Work item: What is needed is an exact repetition of the lines below, from the first one through the one holding "x;y;z;sx;sy;sz;roll;pitch;yaw;name", with no pictures and nothing else.

[Records contained in a dataset]
⟨
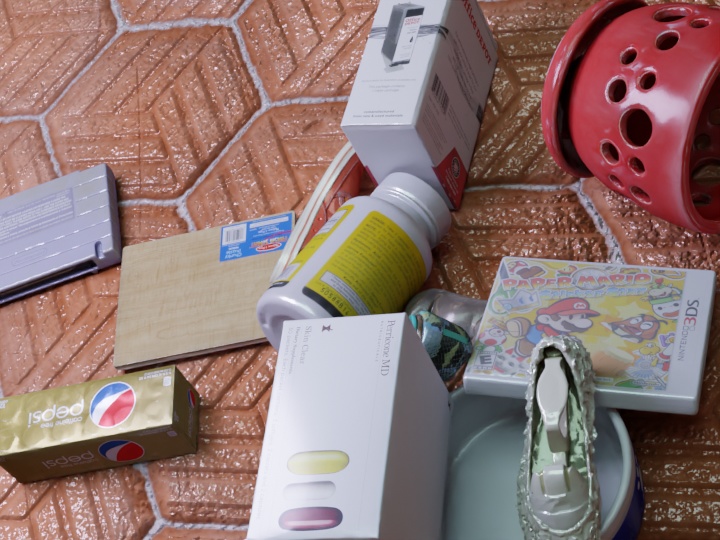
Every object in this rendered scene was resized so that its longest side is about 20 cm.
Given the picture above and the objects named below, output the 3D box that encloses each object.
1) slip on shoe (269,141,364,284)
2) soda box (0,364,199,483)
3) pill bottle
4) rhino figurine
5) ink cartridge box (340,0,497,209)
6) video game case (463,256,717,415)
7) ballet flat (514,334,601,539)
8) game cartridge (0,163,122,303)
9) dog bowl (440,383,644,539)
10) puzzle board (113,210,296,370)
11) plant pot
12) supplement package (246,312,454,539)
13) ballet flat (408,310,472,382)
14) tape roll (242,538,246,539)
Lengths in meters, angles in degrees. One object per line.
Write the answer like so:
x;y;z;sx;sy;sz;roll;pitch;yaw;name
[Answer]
-0.027;-0.055;1.625;0.061;0.074;0.201;27;60;-3;slip on shoe
-0.262;0.153;1.577;0.199;0.064;0.068;-12;55;15;soda box
0.000;0.000;1.526;0.111;0.112;0.200;21;56;32;pill bottle
0.122;0.062;1.480;0.199;0.060;0.088;8;48;25;rhino figurine
0.064;-0.184;1.613;0.082;0.147;0.201;2;58;25;ink cartridge box
0.205;0.053;1.405;0.199;0.023;0.182;4;37;16;video game case
0.156;0.146;1.287;0.071;0.072;0.201;-7;71;18;ballet flat
-0.359;-0.034;1.761;0.199;0.038;0.130;-19;49;10;game cartridge
0.142;0.187;1.380;0.199;0.079;0.201;-11;56;16;dog bowl
-0.158;0.022;1.652;0.199;0.017;0.152;-11;54;15;puzzle board
0.281;-0.156;1.475;0.182;0.201;0.201;27;71;37;plant pot
-0.002;0.161;1.304;0.110;0.156;0.201;-5;55;18;supplement package
0.045;0.099;1.444;0.074;0.200;0.075;7;66;-17;ballet flat
-0.066;0.333;1.367;0.199;0.085;0.201;-11;54;16;tape roll
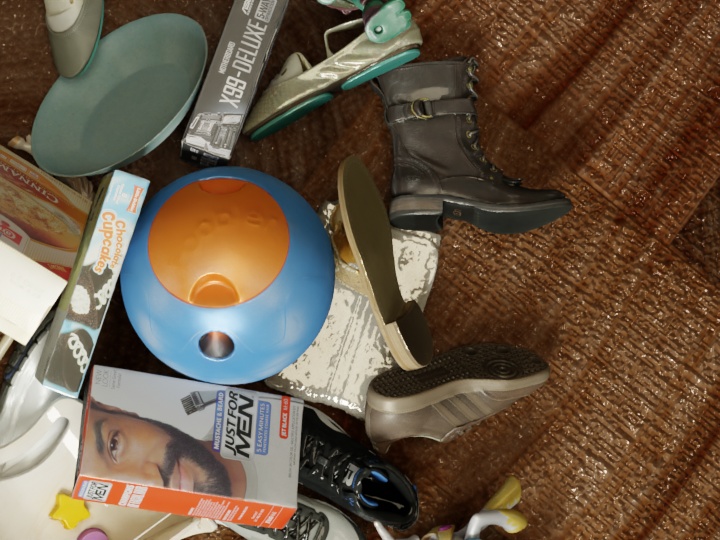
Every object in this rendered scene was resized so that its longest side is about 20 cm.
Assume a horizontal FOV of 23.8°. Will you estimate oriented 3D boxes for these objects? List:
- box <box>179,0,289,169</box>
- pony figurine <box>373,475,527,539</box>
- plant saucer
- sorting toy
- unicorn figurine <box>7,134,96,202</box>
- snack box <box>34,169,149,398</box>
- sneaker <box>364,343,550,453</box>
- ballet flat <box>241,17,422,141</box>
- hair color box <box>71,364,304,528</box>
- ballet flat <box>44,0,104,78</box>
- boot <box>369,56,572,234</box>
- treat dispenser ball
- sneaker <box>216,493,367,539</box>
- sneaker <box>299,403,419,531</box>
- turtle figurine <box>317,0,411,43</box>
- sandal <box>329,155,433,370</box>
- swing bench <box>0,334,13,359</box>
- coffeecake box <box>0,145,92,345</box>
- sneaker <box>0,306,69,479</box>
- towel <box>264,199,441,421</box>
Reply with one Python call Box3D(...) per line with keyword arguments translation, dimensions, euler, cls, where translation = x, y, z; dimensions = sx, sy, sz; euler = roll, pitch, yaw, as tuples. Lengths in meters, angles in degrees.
Box3D(translation=(-0.115, -0.197, 1.618), dimensions=(0.049, 0.158, 0.201), euler=(20, 86, -6), cls="box")
Box3D(translation=(0.078, 0.304, 1.621), dimensions=(0.199, 0.166, 0.195), euler=(-12, 113, -33), cls="pony figurine")
Box3D(translation=(-0.219, -0.156, 1.611), dimensions=(0.201, 0.201, 0.039), euler=(-44, 130, -7), cls="plant saucer")
Box3D(translation=(-0.269, 0.220, 1.587), dimensions=(0.199, 0.107, 0.181), euler=(-35, 101, -15), cls="sorting toy")
Box3D(translation=(-0.337, -0.036, 1.625), dimensions=(0.199, 0.074, 0.138), euler=(-35, 88, -5), cls="unicorn figurine")
Box3D(translation=(-0.243, 0.010, 1.544), dimensions=(0.037, 0.116, 0.202), euler=(19, 86, -14), cls="snack box")
Box3D(translation=(0.091, 0.126, 1.676), dimensions=(0.198, 0.071, 0.076), euler=(-8, 124, -24), cls="sneaker")
Box3D(translation=(-0.035, -0.196, 1.668), dimensions=(0.199, 0.067, 0.063), euler=(-27, 85, 2), cls="ballet flat")
Box3D(translation=(-0.156, 0.161, 1.557), dimensions=(0.198, 0.064, 0.112), euler=(9, 61, -13), cls="hair color box")
Box3D(translation=(-0.276, -0.288, 1.644), dimensions=(0.064, 0.067, 0.202), euler=(21, 78, -50), cls="ballet flat")
Box3D(translation=(0.107, -0.129, 1.679), dimensions=(0.198, 0.069, 0.176), euler=(1, 72, -6), cls="boot")
Box3D(translation=(-0.122, 0.005, 1.586), dimensions=(0.199, 0.201, 0.203), euler=(0, 87, -7), cls="treat dispenser ball")
Box3D(translation=(-0.084, 0.239, 1.642), dimensions=(0.199, 0.079, 0.074), euler=(26, 83, -7), cls="sneaker")
Box3D(translation=(-0.027, 0.180, 1.634), dimensions=(0.199, 0.112, 0.073), euler=(29, 83, -5), cls="sneaker")
Box3D(translation=(-0.005, -0.293, 1.641), dimensions=(0.149, 0.201, 0.101), euler=(16, 119, -14), cls="turtle figurine")
Box3D(translation=(-0.003, 0.002, 1.635), dimensions=(0.069, 0.078, 0.213), euler=(-17, 100, 31), cls="sandal")
Box3D(translation=(-0.424, 0.043, 1.551), dimensions=(0.200, 0.130, 0.199), euler=(38, 107, 5), cls="swing bench")
Box3D(translation=(-0.325, -0.039, 1.489), dimensions=(0.153, 0.200, 0.073), euler=(33, 107, -14), cls="coffeecake box")
Box3D(translation=(-0.305, 0.129, 1.632), dimensions=(0.087, 0.074, 0.201), euler=(23, 91, -17), cls="sneaker")
Box3D(translation=(-0.006, 0.039, 1.684), dimensions=(0.132, 0.034, 0.201), euler=(19, 86, -5), cls="towel")
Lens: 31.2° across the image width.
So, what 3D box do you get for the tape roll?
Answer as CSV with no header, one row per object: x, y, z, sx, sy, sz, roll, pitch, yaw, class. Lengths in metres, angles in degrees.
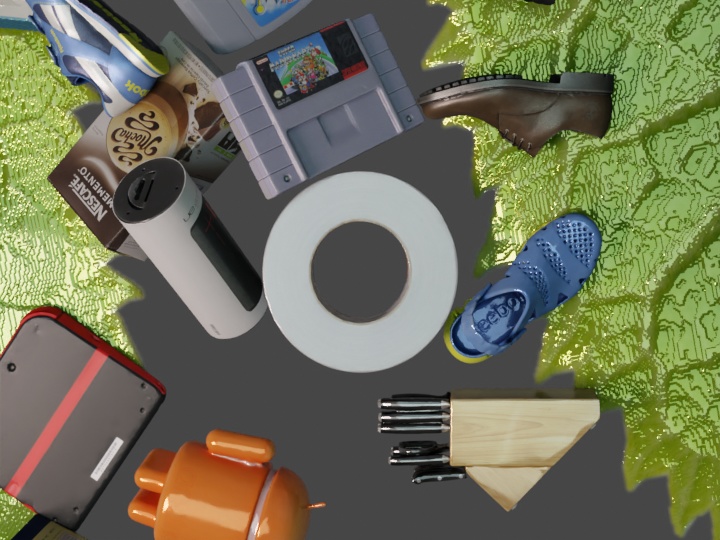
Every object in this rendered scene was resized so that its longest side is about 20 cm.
0.000,0.000,1.317,0.197,0.066,0.203,0,93,0,tape roll

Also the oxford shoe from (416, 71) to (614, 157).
0.155,-0.156,1.294,0.197,0.073,0.086,1,97,5,oxford shoe

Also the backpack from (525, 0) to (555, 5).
0.097,-0.354,1.255,0.197,0.154,0.166,5,99,-17,backpack

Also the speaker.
-0.165,-0.019,1.273,0.080,0.201,0.082,-13,50,16,speaker

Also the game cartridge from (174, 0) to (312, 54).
-0.095,-0.313,1.280,0.199,0.041,0.134,-40,135,0,game cartridge

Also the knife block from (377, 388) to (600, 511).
0.123,0.149,1.328,0.175,0.064,0.200,44,98,-1,knife block

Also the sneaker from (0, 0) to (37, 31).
-0.385,-0.298,1.334,0.197,0.077,0.082,6,89,-3,sneaker

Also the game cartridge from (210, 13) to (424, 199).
-0.039,-0.168,1.272,0.199,0.038,0.131,-29,98,-32,game cartridge

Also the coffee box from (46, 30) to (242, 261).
-0.207,-0.124,1.309,0.113,0.080,0.200,45,98,22,coffee box

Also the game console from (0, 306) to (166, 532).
-0.330,0.160,1.393,0.176,0.031,0.201,34,98,-5,game console

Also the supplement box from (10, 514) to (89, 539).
-0.310,0.404,1.349,0.198,0.134,0.202,25,103,2,supplement box

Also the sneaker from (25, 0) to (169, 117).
-0.283,-0.233,1.263,0.200,0.074,0.083,42,109,9,sneaker

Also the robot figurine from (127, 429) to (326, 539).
-0.138,0.248,1.338,0.197,0.117,0.145,15,69,4,robot figurine

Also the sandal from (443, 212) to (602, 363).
0.167,0.023,1.303,0.079,0.087,0.200,44,96,2,sandal
⟩
Reply to the exercise:
Every object in this rendered scene was resized so that its longest side is about 20 cm.
Given the picture above and the objects named below, output the 3D box that encloses each object.
1) slip on shoe (269,141,364,284)
2) soda box (0,364,199,483)
3) pill bottle
4) rhino figurine
5) ink cartridge box (340,0,497,209)
6) video game case (463,256,717,415)
7) ballet flat (514,334,601,539)
8) game cartridge (0,163,122,303)
9) dog bowl (440,383,644,539)
10) puzzle board (113,210,296,370)
11) plant pot
12) supplement package (246,312,454,539)
13) ballet flat (408,310,472,382)
14) tape roll (242,538,246,539)
Lengths in meters, angles in degrees. One object per line.
Write the answer like so:
x;y;z;sx;sy;sz;roll;pitch;yaw;name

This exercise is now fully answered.